[[ Given records open ]]

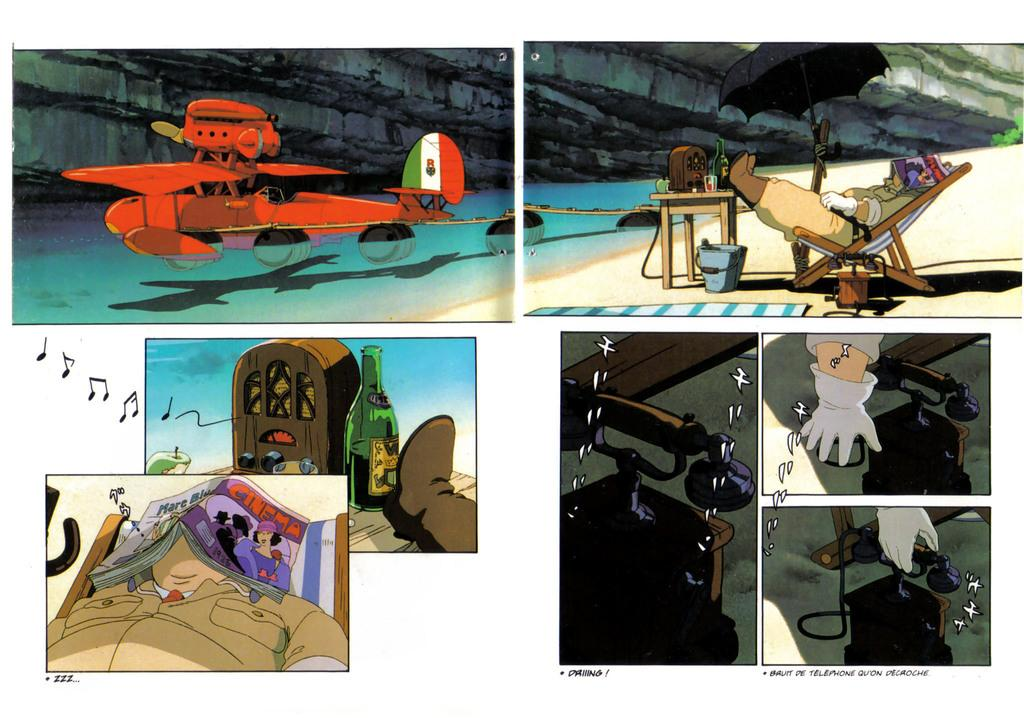<image>
Offer a succinct explanation of the picture presented. A comic book showing a red plane and a sleeping man with a Cinema magazine. 
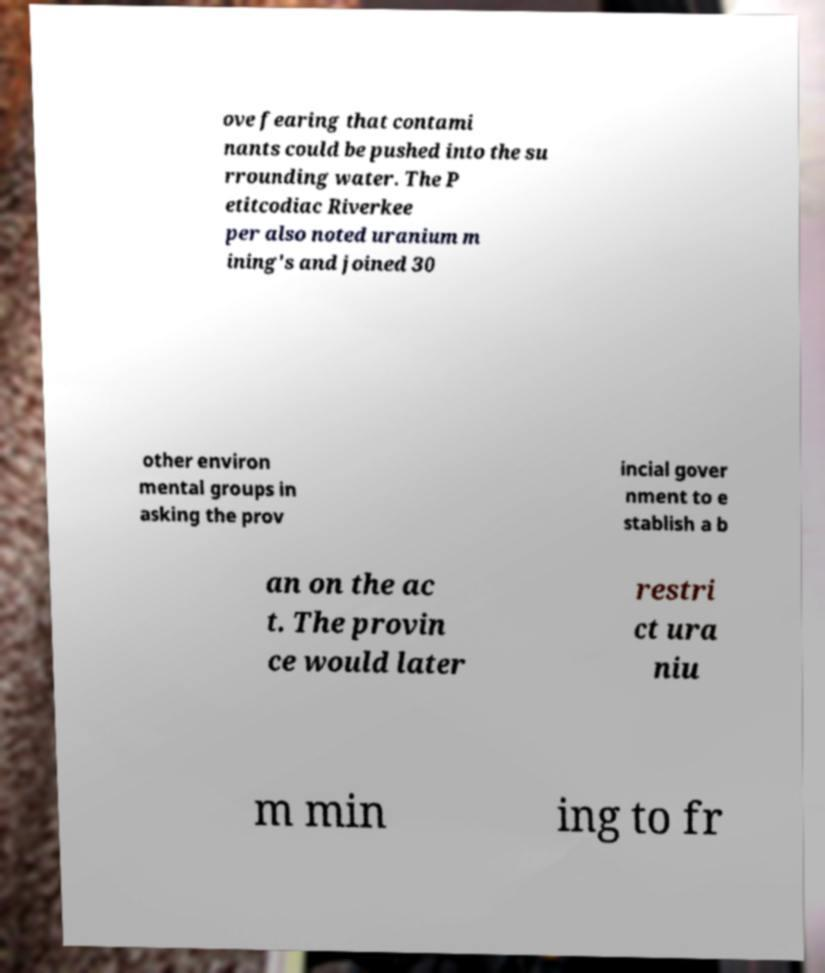Could you assist in decoding the text presented in this image and type it out clearly? ove fearing that contami nants could be pushed into the su rrounding water. The P etitcodiac Riverkee per also noted uranium m ining's and joined 30 other environ mental groups in asking the prov incial gover nment to e stablish a b an on the ac t. The provin ce would later restri ct ura niu m min ing to fr 
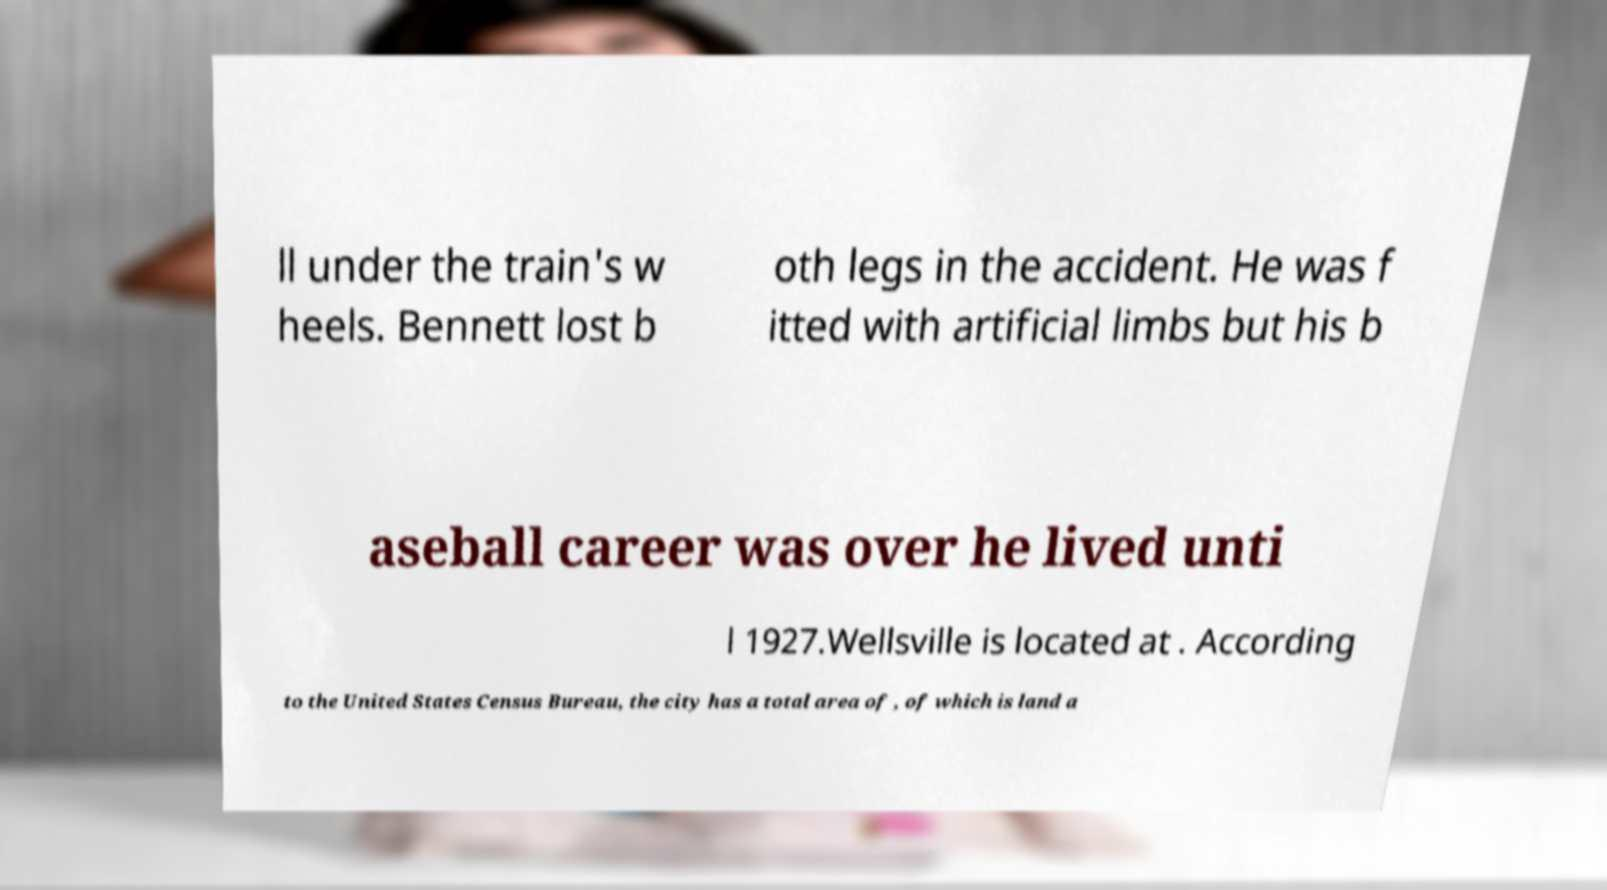Please identify and transcribe the text found in this image. ll under the train's w heels. Bennett lost b oth legs in the accident. He was f itted with artificial limbs but his b aseball career was over he lived unti l 1927.Wellsville is located at . According to the United States Census Bureau, the city has a total area of , of which is land a 
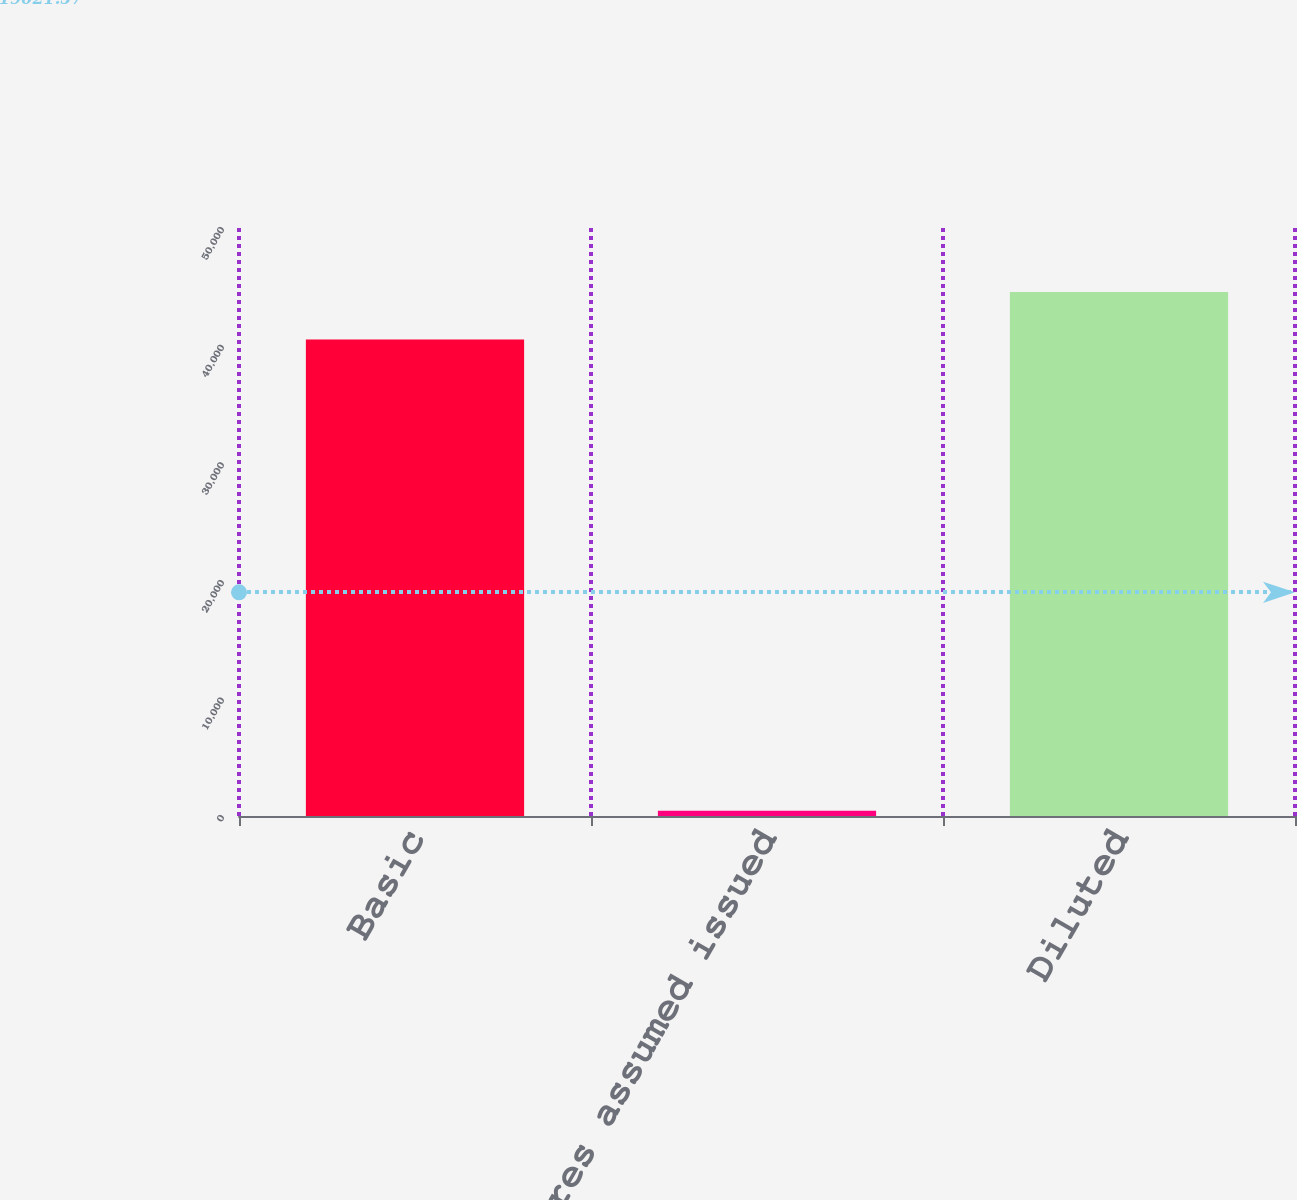Convert chart. <chart><loc_0><loc_0><loc_500><loc_500><bar_chart><fcel>Basic<fcel>Dilutive shares assumed issued<fcel>Diluted<nl><fcel>40516<fcel>442<fcel>44567.6<nl></chart> 
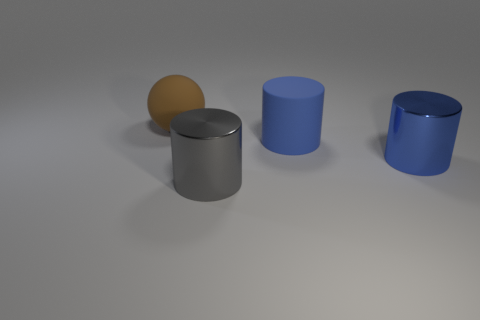What number of tiny purple matte cylinders are there?
Give a very brief answer. 0. How many things are either big matte things to the right of the brown matte object or matte things that are on the right side of the sphere?
Your response must be concise. 1. Do the matte object that is to the right of the gray metallic thing and the large brown matte object have the same size?
Provide a short and direct response. Yes. There is a blue matte thing that is the same shape as the blue metallic thing; what is its size?
Give a very brief answer. Large. There is another blue cylinder that is the same size as the rubber cylinder; what is it made of?
Provide a short and direct response. Metal. There is another large blue thing that is the same shape as the blue rubber thing; what material is it?
Provide a succinct answer. Metal. How many other things are the same size as the ball?
Give a very brief answer. 3. What is the size of the thing that is the same color as the big rubber cylinder?
Your answer should be compact. Large. How many shiny cylinders have the same color as the matte ball?
Keep it short and to the point. 0. The large brown thing is what shape?
Ensure brevity in your answer.  Sphere. 
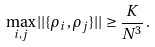Convert formula to latex. <formula><loc_0><loc_0><loc_500><loc_500>\max _ { i , j } | | \{ \rho _ { i } , \rho _ { j } \} | | \geq \frac { K } { N ^ { 3 } } \, .</formula> 
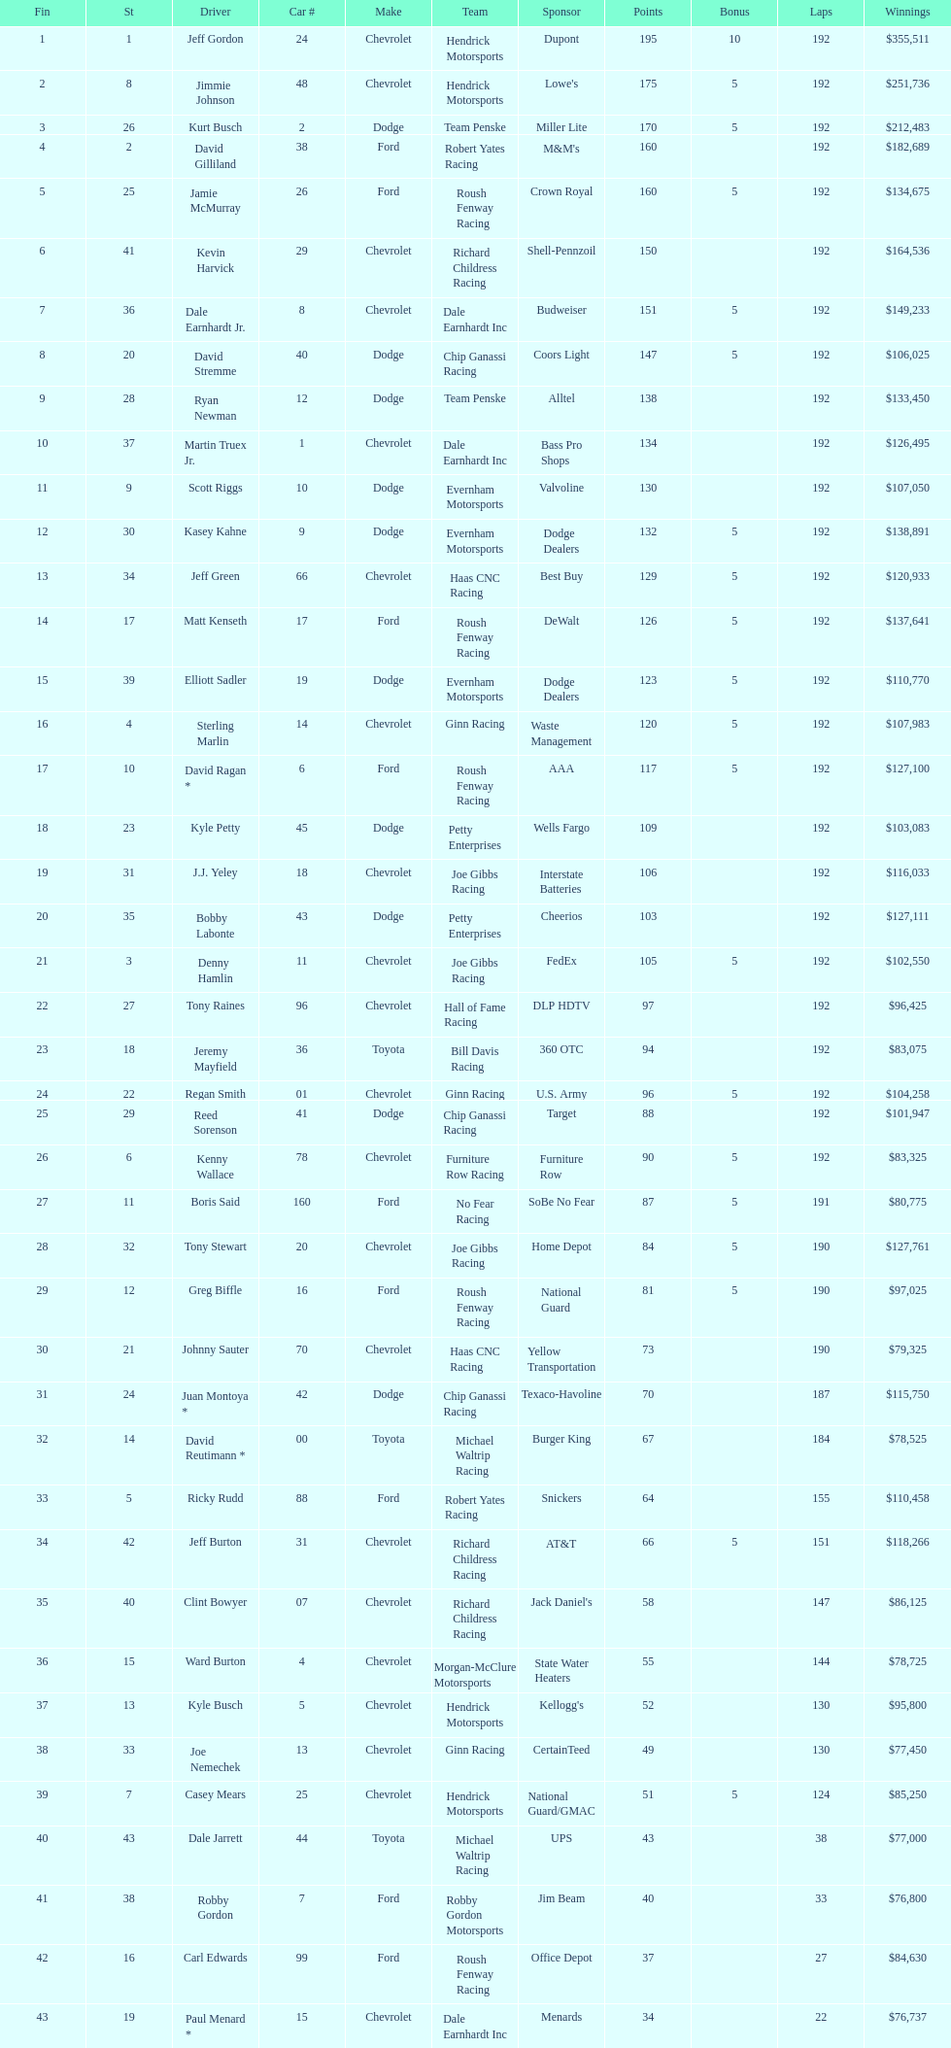What driver earned the least amount of winnings? Paul Menard *.

[[ Given records closed ]]

Task goal »
Output, line for line and exactly, the records above from their first line through the one with "Offer a succinct", both ends included, but no pictures.

Exercise answer »
<image>
Offer a succinct explanation of the picture presented. A comic book showing a red plane and a sleeping man with a Cinema magazine. 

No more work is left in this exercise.